Fawcett Properties Ltd v Buckingham County Council [1960] has become a leading case in planning law and concerned agricultural conditions of use. It is also relevant for its tests on finding certainty versus uncertainty of policy, contract or other concepts rendering them void. It has been applied in English trusts law which has long held a cy-près doctrine, expressed in pre 1649-Law French meaning "there nearly" that is perfecting concepts or a purpose for funds which is tantamount to a legitimate interest or concern and intended to take clear effect.

==Legal context==
The law of planning permissions, integral to urban planning, sits at the crossroads of land law and public law. Specifically it combines the laws enabling and interpreting development and commercial interests with public interest laws such as in social welfare, food resource sustainability, quality/aesthetic consistency of housing and pollution mitigation. The case stressed the legitimate goal of protection of the Metropolitan Green Belt in primary legislation and similar restrictions crop up in rural zoned land use areas outside of Local Plan development zones, in UK planning practical policy. The case upheld the ability of local planning authorities (LPAs) to impose restrictions which will only allow development in sensitive parts of their areas where meeting a pressing agricultural need to house the family of an agricultural/forestry worker, provided it has balanced such policies against those enabling developments to, if fully developed, meet the local housing needs assessment. The cases recognises that greenfield sites are cheaper to develop and have more aesthetic qualities than many brownfield (urban) sites however many LPAs will choose to make any development on such land a narrow exception not a norm.

==Facts==
Buckingham County Council gave permission for cottages to be built in an urban green belt, on the condition that ‘occupation of the houses shall be limited to persons whose employment.... is... in agriculture... or in forestry or in an industry mainly dependent upon agriculture’, as defined by the Town and Country Planning Act 1947 section 119. Fawcett Properties Ltd argued this condition was void.

==Judgment==
The House of Lords held that the condition was valid because it followed the policy of keeping the green belt for agricultural population, similarly defined in the Housing Act 1936 section 115. The definition could not, without overwhelming evidence, be held void for uncertainty.

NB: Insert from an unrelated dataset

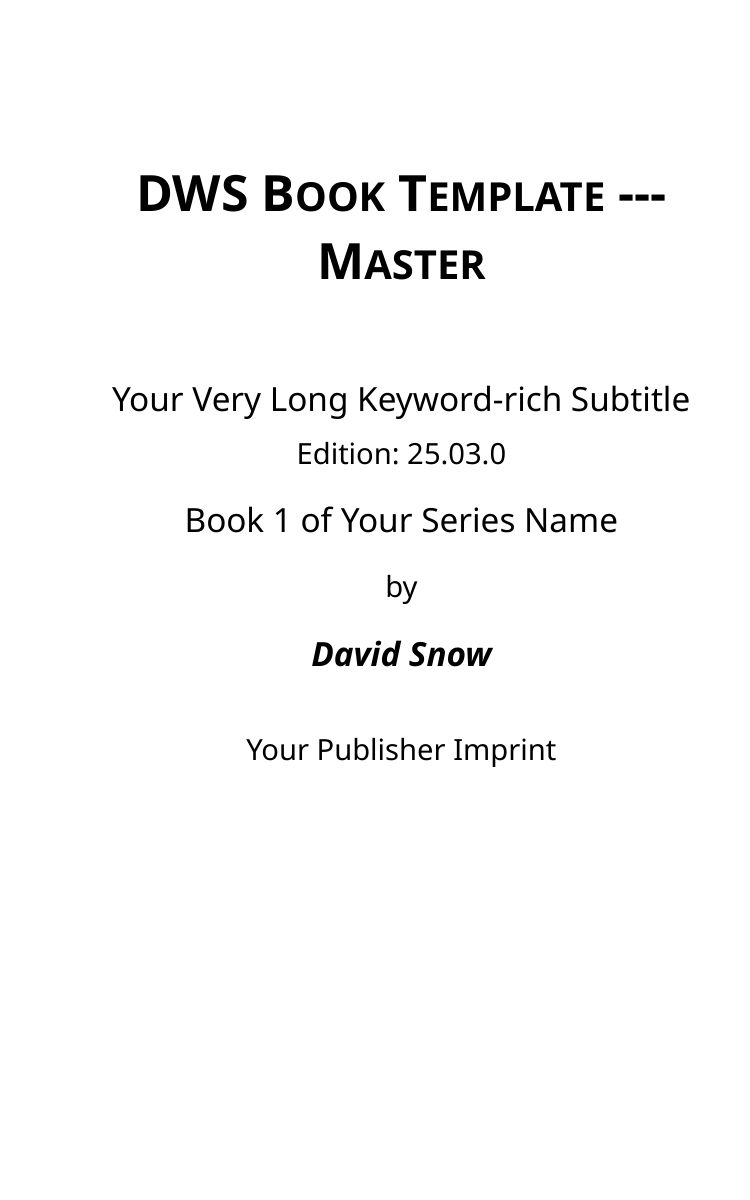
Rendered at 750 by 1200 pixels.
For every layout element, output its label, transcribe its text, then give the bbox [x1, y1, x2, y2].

In the course of his judgment, Lord Denning reasoned:

Lastly, when he came to his reply on uncertainty, Mr. Megarry mentioned the contract cases such as In re Vince [1892] 2 Q.B. 478; 8 T.L.R. 334; 67 L.T. 70, C.A. But here again he got nowhere: because in cases of contract, as of wills, the courts do not hold the terms void for uncertainty unless it is utterly impossible to put a meaning upon them. The duty of the court is to put a fair meaning on the terms used, and not, as was said in one case, to repose on the easy pillow of saying that the whole is void for uncertainty: see Doe d. Winter v Perratt (1843) 6 M&G 314, 361, HL by Lord Brougham, In re Roberts (1881) 19 Ch.D. 520, 529, C.A. by Jessel M.R.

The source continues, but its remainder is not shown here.